CORRECTION: Thernstrom strongly disputes this characterization of this his work. In fact, as he wrote in The Los Angeles Times, geoengineering “is neither a permanent nor a perfect solution to warming.” A detailed clarification of his position on geoengineering, including links to his writings, is below. We regret the error and apologize for the mischaracterization of his opinion.

Recent research has revealed that there are real differences between the brains of self-described liberals and self-described conservatives. Liberals are, in general, more open-minded and interested in new ideas. Conservatives place higher value on orderliness and hierarchy. Liberals are more communitarian while conservatives are more individualistic. These predispositions help explain why conservatives would be more willing to accept climate change science if they have first learned about geoengineering. Here’s how Kahan and his colleagues explain it: “The geoengineering news story … linked climate-change science to cultural meanings – of human ingenuity and of overcoming natural limits on commerce and industry – that at least partially offset the threat that crediting such information would normally pose to the identity of Hierarchical Individualists [conservatives].” Or, in simpler terms: the technological quick-fix promised by geoengineering conforms to conservatives’ belief in humanity’s dominion over nature. At the very least, it’s preferable to making sweeping changes in our society and economy – changes that would likely have to be driven by some kind of government action. Geoengineering is attractive to conservatives because it offers the promise of being able to continue business as usual.

I’ve been tracking the geoengineering debate for years, and it scares the bejeebers out of me. The science of planetary manipulation might be air-tight, but everything else about it is half-baked. The geopolitics of the thing are messy: Who, for example, would control the global thermostat if, say, Russia wanted it warmer and India wanted it cooler? The ethics are also squishy: What if some people benefit from planetary manipulation while others suffer? Most worrisome is the long-term bind into which it would put all of humanity. Once we start manipulating the atmosphere, we won’t be able to stop, because then temperatures would spike back up.

As I wrote in an Earth Island Journal cover story some time ago: “As geo-engineering proponents acknowledge, schemes like sulfur aerosol address only the symptoms, not the source, of global climate change. That fact betrays our society’s bias for the techno-fix, the seemingly easy way out. Seemingly – because geo-engineering is the most complicated strategy we could pursue. It takes a problem, simplifies its cause, and then exaggerates its solution. It’s like a Rube Goldberg machine, employing eight or nine steps when one or two would do. Instead of pursuing the elegant solutions – trading in our cars for buses, turning off the coal and turning on the wind – we are going to build a contraption to make the clouds shinier.”

In the course of reporting that story, AEI’s Thernstrom told me that one of the virtues of geoengineering is its centralized control.

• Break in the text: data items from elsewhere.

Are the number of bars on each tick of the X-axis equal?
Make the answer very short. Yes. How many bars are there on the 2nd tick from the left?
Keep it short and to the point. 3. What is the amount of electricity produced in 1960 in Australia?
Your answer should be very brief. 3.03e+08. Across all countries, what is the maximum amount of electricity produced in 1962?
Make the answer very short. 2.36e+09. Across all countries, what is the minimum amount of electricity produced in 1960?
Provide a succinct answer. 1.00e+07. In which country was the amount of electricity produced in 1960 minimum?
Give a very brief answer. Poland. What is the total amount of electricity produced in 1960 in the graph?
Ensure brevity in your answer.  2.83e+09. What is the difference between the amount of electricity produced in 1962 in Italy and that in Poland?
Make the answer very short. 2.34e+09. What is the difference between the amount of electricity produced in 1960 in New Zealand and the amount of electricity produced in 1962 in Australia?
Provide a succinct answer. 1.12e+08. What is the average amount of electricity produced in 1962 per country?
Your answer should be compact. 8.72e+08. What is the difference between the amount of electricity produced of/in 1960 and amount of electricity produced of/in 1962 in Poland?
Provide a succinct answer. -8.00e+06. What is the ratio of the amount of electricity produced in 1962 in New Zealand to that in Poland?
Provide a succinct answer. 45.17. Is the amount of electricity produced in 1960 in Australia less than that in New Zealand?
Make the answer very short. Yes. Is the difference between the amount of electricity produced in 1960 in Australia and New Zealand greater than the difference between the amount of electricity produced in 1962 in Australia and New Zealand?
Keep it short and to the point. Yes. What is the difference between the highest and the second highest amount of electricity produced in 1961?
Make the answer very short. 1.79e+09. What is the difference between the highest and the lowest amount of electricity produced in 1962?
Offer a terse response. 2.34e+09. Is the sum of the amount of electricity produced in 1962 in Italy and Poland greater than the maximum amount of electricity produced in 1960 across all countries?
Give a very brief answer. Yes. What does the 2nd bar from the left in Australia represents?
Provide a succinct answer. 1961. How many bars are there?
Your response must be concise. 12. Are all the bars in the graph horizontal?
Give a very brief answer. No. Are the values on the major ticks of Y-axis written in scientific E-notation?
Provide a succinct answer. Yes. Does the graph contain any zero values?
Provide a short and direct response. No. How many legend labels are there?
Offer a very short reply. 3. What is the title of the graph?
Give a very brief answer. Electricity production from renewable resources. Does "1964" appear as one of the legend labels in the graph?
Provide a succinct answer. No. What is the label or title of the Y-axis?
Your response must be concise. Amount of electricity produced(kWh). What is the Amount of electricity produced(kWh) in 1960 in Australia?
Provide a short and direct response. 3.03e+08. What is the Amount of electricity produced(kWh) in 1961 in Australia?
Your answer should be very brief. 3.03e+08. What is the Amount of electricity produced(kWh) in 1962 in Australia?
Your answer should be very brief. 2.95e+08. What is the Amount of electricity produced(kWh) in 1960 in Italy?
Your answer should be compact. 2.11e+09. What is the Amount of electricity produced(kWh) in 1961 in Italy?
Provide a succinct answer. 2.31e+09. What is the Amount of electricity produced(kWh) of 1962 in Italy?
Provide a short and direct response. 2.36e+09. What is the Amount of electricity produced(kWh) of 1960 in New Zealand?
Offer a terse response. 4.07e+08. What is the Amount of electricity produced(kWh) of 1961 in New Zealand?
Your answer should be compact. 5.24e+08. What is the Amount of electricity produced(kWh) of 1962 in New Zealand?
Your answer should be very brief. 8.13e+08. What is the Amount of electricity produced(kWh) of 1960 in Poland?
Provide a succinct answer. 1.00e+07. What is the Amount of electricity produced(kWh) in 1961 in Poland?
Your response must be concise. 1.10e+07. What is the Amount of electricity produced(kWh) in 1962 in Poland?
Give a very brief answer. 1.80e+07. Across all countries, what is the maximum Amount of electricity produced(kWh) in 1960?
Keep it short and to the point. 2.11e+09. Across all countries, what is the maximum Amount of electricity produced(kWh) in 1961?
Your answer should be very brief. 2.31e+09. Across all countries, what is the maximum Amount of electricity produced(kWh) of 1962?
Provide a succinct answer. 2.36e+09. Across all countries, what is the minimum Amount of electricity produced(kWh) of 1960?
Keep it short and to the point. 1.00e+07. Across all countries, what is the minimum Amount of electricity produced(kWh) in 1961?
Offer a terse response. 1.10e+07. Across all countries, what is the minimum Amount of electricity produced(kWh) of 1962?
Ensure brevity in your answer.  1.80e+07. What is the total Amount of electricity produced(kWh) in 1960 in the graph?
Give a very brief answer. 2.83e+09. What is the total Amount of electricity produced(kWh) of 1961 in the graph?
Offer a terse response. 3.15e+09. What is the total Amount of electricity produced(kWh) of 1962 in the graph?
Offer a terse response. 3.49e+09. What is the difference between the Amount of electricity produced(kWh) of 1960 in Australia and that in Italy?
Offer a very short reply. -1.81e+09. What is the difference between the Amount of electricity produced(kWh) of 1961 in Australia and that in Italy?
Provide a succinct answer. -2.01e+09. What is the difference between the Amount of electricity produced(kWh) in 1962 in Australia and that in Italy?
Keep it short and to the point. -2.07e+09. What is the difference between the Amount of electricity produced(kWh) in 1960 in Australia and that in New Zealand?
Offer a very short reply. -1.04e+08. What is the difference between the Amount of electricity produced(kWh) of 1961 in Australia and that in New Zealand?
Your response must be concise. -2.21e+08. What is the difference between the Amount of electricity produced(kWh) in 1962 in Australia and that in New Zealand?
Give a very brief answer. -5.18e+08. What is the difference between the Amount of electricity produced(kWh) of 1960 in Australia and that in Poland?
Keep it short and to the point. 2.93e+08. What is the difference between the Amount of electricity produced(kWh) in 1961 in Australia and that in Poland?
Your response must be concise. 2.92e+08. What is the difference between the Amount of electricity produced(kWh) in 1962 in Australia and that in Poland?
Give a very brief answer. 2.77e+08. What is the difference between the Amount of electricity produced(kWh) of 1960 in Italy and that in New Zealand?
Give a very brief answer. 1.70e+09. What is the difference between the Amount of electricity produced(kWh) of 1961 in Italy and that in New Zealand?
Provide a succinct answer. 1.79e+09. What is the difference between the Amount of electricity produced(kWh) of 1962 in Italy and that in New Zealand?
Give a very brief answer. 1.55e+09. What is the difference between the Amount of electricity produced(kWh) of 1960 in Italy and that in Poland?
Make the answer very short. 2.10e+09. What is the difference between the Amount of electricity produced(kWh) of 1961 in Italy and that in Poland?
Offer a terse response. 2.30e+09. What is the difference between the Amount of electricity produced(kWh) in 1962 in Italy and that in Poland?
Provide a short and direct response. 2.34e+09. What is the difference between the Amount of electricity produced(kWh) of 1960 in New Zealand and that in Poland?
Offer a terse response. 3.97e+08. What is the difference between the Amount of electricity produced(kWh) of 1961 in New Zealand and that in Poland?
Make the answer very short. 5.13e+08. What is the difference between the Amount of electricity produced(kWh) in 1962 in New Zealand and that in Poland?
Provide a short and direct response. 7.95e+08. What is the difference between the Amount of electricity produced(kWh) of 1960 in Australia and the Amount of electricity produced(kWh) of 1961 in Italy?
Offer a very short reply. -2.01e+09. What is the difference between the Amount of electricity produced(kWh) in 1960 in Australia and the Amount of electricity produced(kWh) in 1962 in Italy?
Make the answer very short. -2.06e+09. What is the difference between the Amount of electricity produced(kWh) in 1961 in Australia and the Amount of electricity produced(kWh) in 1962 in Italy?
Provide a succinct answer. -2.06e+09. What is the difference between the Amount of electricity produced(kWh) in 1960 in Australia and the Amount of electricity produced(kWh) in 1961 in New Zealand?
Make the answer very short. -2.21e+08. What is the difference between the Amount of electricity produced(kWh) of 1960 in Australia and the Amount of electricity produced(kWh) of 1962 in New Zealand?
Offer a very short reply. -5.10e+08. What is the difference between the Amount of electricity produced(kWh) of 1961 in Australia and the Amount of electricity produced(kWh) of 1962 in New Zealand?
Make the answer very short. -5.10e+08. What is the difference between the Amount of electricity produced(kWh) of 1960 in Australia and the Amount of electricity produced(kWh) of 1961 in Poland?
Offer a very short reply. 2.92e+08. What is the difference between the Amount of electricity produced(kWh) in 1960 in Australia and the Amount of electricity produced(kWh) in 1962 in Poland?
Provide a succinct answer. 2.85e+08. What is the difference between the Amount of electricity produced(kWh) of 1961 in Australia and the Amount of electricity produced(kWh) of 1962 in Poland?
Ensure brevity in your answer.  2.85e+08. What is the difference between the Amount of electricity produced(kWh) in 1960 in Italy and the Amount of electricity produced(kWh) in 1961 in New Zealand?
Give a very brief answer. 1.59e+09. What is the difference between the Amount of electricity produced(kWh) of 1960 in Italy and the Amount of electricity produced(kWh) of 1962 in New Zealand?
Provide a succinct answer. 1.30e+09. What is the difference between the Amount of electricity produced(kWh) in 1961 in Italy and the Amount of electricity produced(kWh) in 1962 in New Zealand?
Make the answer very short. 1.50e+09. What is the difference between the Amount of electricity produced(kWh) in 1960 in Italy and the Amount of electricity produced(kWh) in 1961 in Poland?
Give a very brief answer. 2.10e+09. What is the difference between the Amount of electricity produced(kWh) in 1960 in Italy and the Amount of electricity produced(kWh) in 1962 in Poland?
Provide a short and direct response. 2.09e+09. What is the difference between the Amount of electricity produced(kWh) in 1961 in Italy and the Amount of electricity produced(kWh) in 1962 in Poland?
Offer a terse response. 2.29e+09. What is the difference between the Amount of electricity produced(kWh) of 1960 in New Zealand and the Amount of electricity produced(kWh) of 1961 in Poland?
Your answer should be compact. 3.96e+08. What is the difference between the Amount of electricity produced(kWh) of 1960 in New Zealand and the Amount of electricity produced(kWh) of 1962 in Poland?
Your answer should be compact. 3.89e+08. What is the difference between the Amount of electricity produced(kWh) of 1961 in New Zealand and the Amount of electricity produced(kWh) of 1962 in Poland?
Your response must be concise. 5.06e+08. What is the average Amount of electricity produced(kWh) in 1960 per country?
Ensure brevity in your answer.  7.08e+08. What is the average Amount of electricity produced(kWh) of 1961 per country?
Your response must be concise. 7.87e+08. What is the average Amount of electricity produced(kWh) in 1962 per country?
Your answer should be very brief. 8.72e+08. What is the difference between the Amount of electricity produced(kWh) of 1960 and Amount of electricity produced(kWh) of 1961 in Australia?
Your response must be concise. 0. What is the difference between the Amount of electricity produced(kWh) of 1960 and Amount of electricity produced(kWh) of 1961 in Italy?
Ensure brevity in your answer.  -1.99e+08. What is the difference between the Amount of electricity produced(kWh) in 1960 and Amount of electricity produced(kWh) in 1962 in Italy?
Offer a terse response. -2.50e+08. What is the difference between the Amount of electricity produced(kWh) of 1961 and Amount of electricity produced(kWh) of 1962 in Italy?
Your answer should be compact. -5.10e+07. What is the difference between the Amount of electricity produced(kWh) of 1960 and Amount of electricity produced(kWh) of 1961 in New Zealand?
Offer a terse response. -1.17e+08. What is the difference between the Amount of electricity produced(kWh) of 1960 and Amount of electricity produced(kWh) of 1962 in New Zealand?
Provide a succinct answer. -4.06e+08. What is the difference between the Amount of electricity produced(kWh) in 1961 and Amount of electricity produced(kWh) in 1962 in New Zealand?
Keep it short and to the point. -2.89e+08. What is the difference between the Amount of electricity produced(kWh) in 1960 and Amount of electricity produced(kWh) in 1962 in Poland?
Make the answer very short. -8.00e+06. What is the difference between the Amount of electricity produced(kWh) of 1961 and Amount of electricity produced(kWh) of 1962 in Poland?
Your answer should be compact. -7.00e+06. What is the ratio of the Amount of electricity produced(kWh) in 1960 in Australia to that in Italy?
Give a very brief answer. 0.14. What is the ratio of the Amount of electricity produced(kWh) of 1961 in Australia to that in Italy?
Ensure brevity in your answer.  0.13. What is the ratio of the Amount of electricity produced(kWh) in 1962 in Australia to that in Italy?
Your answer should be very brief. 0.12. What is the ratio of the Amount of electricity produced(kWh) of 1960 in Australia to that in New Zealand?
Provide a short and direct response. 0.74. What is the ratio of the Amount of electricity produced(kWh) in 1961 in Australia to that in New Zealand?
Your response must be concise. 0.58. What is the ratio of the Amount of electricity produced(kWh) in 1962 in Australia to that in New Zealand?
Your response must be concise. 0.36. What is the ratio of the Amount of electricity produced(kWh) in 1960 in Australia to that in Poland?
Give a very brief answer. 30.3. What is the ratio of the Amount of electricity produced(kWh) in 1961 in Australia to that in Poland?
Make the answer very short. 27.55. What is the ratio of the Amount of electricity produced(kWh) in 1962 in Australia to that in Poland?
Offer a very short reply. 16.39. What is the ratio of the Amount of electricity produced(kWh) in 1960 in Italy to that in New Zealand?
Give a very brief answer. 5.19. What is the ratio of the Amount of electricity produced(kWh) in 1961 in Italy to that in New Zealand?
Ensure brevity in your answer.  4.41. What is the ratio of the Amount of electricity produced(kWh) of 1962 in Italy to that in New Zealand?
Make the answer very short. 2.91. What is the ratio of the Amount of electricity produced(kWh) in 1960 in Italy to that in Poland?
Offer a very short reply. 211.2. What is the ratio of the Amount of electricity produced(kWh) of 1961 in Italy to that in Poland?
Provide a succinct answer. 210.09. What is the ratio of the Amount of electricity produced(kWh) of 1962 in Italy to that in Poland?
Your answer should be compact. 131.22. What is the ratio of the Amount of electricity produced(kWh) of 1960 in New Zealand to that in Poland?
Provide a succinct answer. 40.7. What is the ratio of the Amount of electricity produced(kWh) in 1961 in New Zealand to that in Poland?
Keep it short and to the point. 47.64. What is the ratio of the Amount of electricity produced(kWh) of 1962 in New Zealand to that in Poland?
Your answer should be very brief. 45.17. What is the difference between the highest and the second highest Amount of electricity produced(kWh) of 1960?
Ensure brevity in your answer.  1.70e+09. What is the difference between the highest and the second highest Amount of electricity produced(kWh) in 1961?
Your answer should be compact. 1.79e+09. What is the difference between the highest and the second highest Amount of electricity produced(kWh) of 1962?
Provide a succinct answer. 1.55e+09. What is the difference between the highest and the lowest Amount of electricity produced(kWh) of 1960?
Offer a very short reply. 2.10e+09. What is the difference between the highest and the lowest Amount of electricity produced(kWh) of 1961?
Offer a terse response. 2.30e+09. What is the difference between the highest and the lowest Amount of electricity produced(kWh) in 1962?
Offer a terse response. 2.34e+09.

While unilateral emissions reductions are pointless, unilateral geo-engineering could work. Any industrial power could likely do it on its own.

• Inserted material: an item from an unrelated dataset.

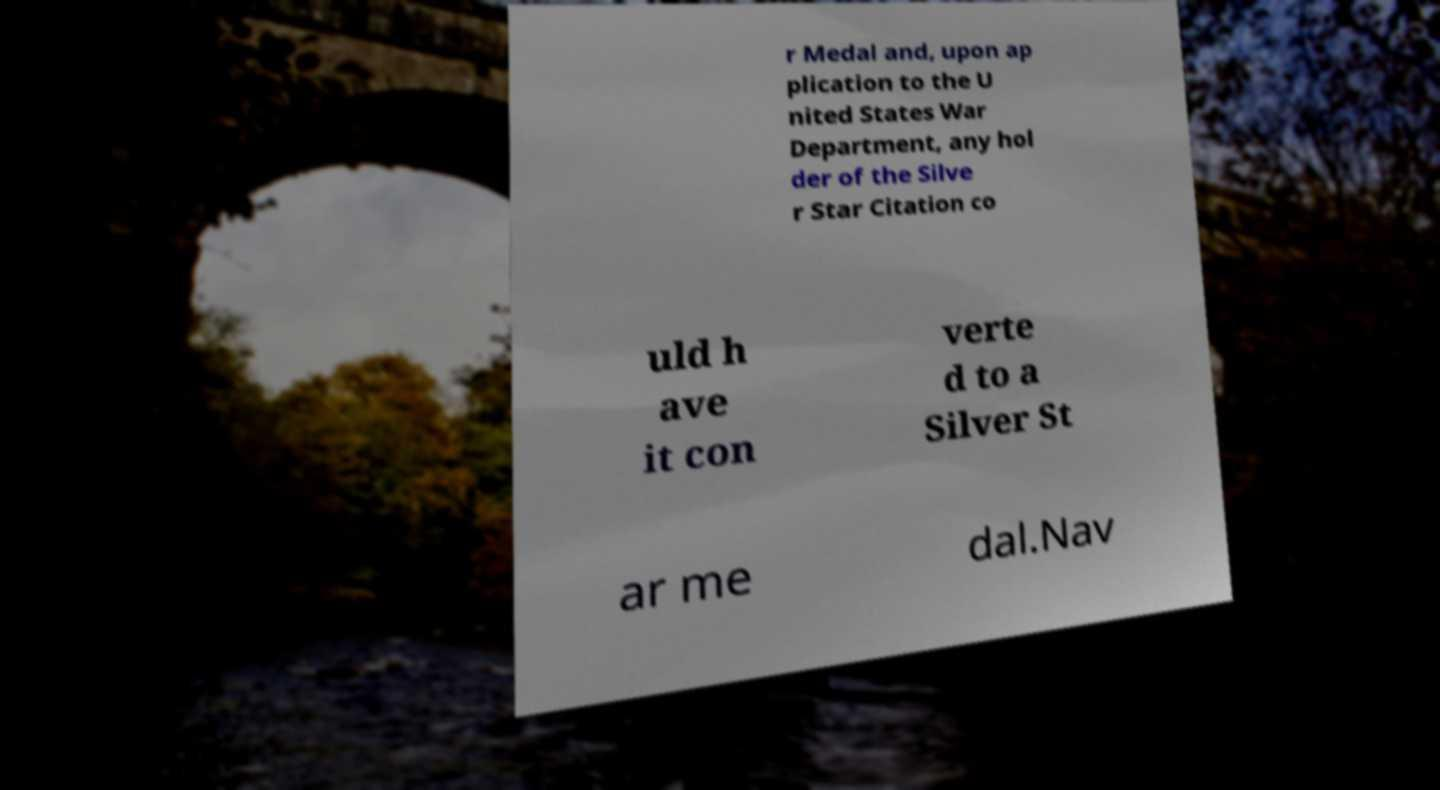There's text embedded in this image that I need extracted. Can you transcribe it verbatim? r Medal and, upon ap plication to the U nited States War Department, any hol der of the Silve r Star Citation co uld h ave it con verte d to a Silver St ar me dal.Nav

CORRECTION: Thernstrom also disputes this characterization of his position. He writes: “I have never argued for unilateral geoengineering—I have always believed that a significant degree of international consensus around [geoengineering] would be needed for deployment, and that the decision to deploy would inevitably be made in the United Nations.” Again, we regret the mischaracterization.

OK. But I have to wonder: If conservatives don’t trust the federal government to manage our health care system, why would they trust the federal government to manage the entire sky?